Dr C. Anthony Altar, GeneSight, Ohio, USA explained how the examination of just 8 genes and 47 single nucleotide polymorphisms (SNPs) in a combinatorial approach can assist psychiatrists in the prescription of therapies for major depression.
In this pharmacogenomics investigation, the key is in selecting the correct SNPs. Those chosen were in the genes for enzymes responsible for the metabolism and degradation of therapies frequently used in the management of major depression. For example, it is known that variations (due to SNPs) in the CYP2D2 genes of patients being given a specific antidepressant affect the dose response curve, with some patients metabolising it rapidly, thereby depleting therapeutic levels quickly, while other patients metabolise it more slowly, thereby maintaining therapeutic dose levels for longer. By examining the metabolic profiles of a number of different drugs and correlating these with the combined cytochrome SNP data from patients with depression, Dr Altar explained how it is now possible to generate an interpretative report that predicts the appropriateness of a particular drug for a particular patient, thereby guiding a physician’s choice of treatment. In particular, the report flags when certain drugs should be used with caution.

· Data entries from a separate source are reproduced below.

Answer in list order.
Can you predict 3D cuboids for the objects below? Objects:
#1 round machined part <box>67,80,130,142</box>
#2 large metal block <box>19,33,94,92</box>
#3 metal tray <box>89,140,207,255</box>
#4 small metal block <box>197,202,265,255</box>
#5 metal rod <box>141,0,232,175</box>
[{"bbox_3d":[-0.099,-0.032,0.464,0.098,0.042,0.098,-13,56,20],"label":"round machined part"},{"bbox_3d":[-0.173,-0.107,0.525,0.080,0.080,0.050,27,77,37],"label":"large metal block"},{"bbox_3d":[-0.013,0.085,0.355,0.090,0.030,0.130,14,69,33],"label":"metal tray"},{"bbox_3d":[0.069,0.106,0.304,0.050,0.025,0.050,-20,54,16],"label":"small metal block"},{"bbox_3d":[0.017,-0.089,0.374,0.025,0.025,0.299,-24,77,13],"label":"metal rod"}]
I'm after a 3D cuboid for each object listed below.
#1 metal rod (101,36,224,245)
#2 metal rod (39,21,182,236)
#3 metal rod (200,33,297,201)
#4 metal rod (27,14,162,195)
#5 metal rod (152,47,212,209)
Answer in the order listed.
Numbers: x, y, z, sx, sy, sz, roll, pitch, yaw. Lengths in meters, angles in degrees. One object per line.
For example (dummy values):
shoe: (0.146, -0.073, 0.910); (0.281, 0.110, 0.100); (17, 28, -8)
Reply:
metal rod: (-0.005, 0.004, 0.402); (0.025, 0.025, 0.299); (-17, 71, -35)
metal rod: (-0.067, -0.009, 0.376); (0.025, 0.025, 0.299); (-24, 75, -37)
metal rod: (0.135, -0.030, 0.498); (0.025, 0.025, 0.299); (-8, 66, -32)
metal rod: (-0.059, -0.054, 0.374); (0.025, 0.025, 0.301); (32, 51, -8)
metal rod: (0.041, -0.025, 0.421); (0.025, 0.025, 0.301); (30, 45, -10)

This innovative approach has been verified in 3 prospective double-blind randomized control trials (RCT). Each evaluated use of the gene pharmacogenomic test and interpretive report for the management of psychotropic medications used in the treatment of major depression in an outpatient psychiatric practice compared with use of the usual therapies. Pharmacogenomic-guided treatment significantly increased the likelihood of response in all patients with treatment resistant depression and identified many patients with severe gene-drug interactions who, when switched to genetically ‘suitable’ medication regimen, experienced great improvements in their depressive symptoms. Such an approach has also been shown to afford significant cost-savings in the management of major depression.
“We are more diligent about ensuring that our mobile devises are charged than we are about ensuring our children are fed!” said Dr Paul Wicks, in his introductory remarks to a fascinating talk about the immense potential digital technology has in the assessment and management of mood disorders. Already, the search term ‘mood tracker’ yields hundreds of hits and many self-help apps are available that claim to help assess mood, even using biosensors in smart phones to do so. Sadly, of those apps examined more thoroughly, none appeared to be clinically accurate; the app provider it would appear expends more effort ensuring the programme is user-friendly than that the actual advice being given is correct. None the less, the fact is that apps are quick and simple to use and their development time compared to an RCT is rapid, to say the least. And they are popular. Leveraging digital technologies in the future to help those with mood disorders could be highly beneficial. “Consider Facebook,” said Dr Wicks, “1 billion people log in to Facebook daily. We don’t need to do too much that, with the right approach, we could do some good.”
Our correspondent’s highlights from the symposium are meant as a fair representation of the scientific content presented. The views and opinions expressed on this page do not necessarily reflect those of Lundbeck.